Understood. Admittedly, I'm a system administrator first, developer second. However, my experience has shown that Sun/Oracle JVM usually out performs OpenJDK. Even in development, on the Java teams I've had to support, OpenJDK is never preferred or wanted.
Further, RHEL ships the OpenJDK compiled with the GNU compiler for Java (GCJ), as well as GNU's classpath. From what I've seen supporting these Java teams, and not being a Java developer, it's unstable and slow.
So, in this specific instance, OpenJDK may have performed as well as the Sun/Oracle JVM on x86-64, but in the broader scope, it doesn't seem to hold up. Just my experiences though. Take it with a grain of salt.

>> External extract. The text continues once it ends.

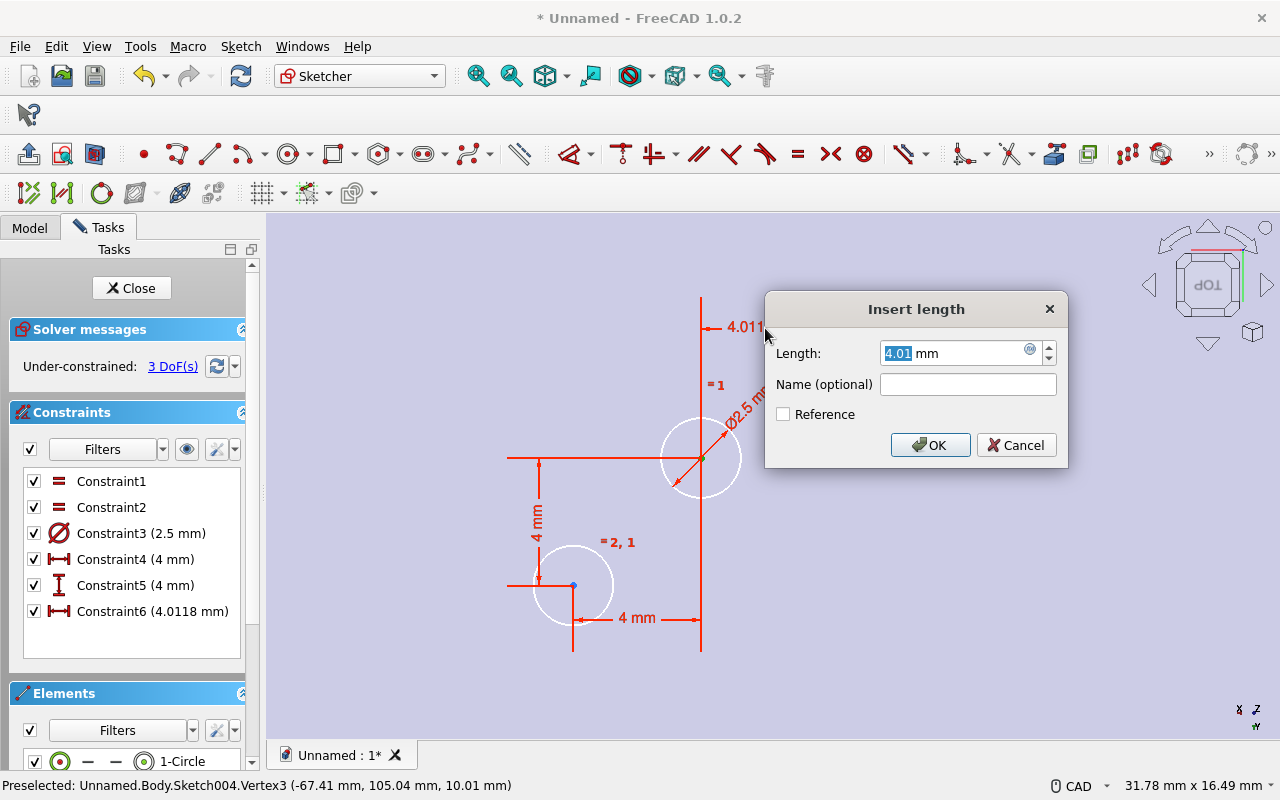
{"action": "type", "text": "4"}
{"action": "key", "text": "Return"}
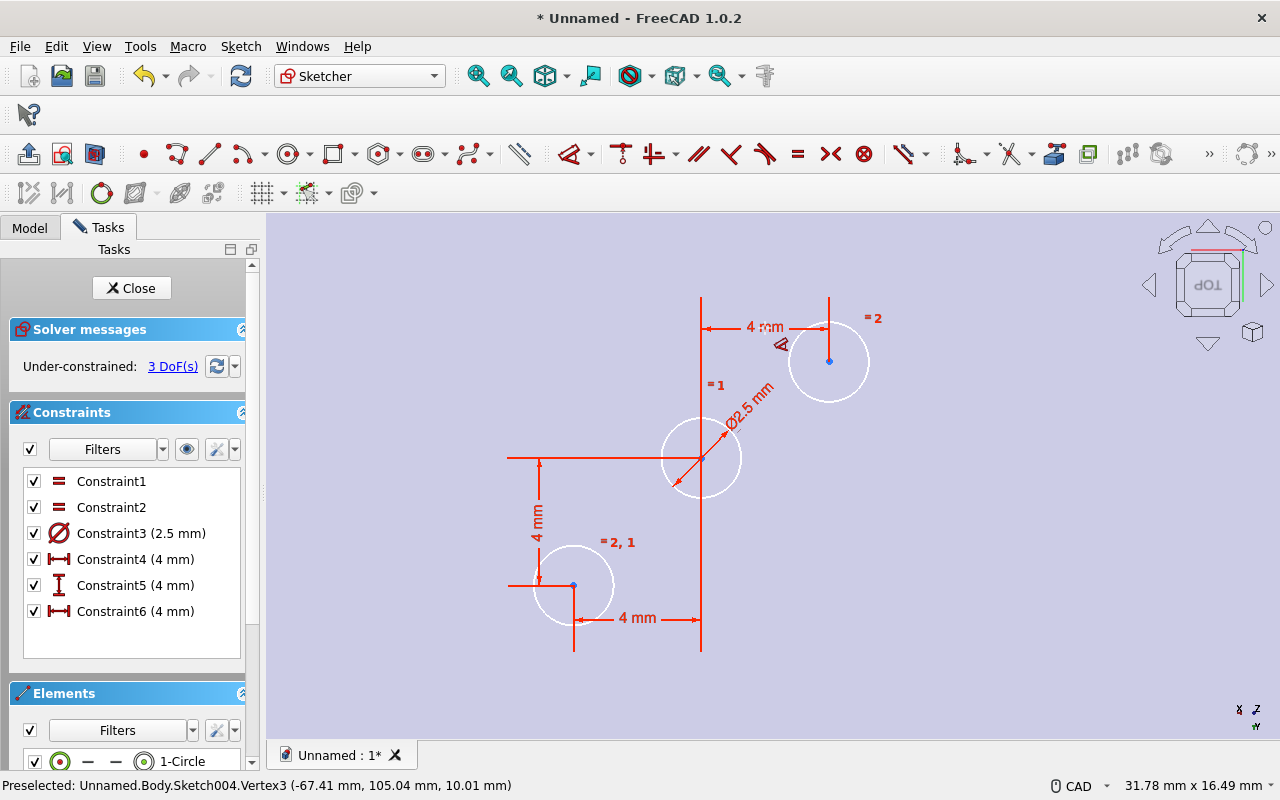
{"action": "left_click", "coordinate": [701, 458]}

Almost every Java developer uses the Oracle version because (a) it is what is recommended for OSX which is a popular development platform and (b) the bundled tooling is much better than OpenJDK. Hence you shouldn't mix/match JVMs just in case you hit implementation differences.
It's not my misconception- it's that of the developers I support. I am told to install Oracle JVM, not OpenJDK. When I push back, I'm told they don't want it.
I am not a Java developer. I am a system administrator.
Just to clarify, it performed as well as the Oracle JVM on x86. Its poor performance on ARM is just due to its lack of JIT compilation.
>However, I would have liked to see Julia and Javascript benchmarks in those results.
I'm happy to include Javascript or Julia implementations if someone supplies them. I wasn't comfortable with Julia enough to write one myself.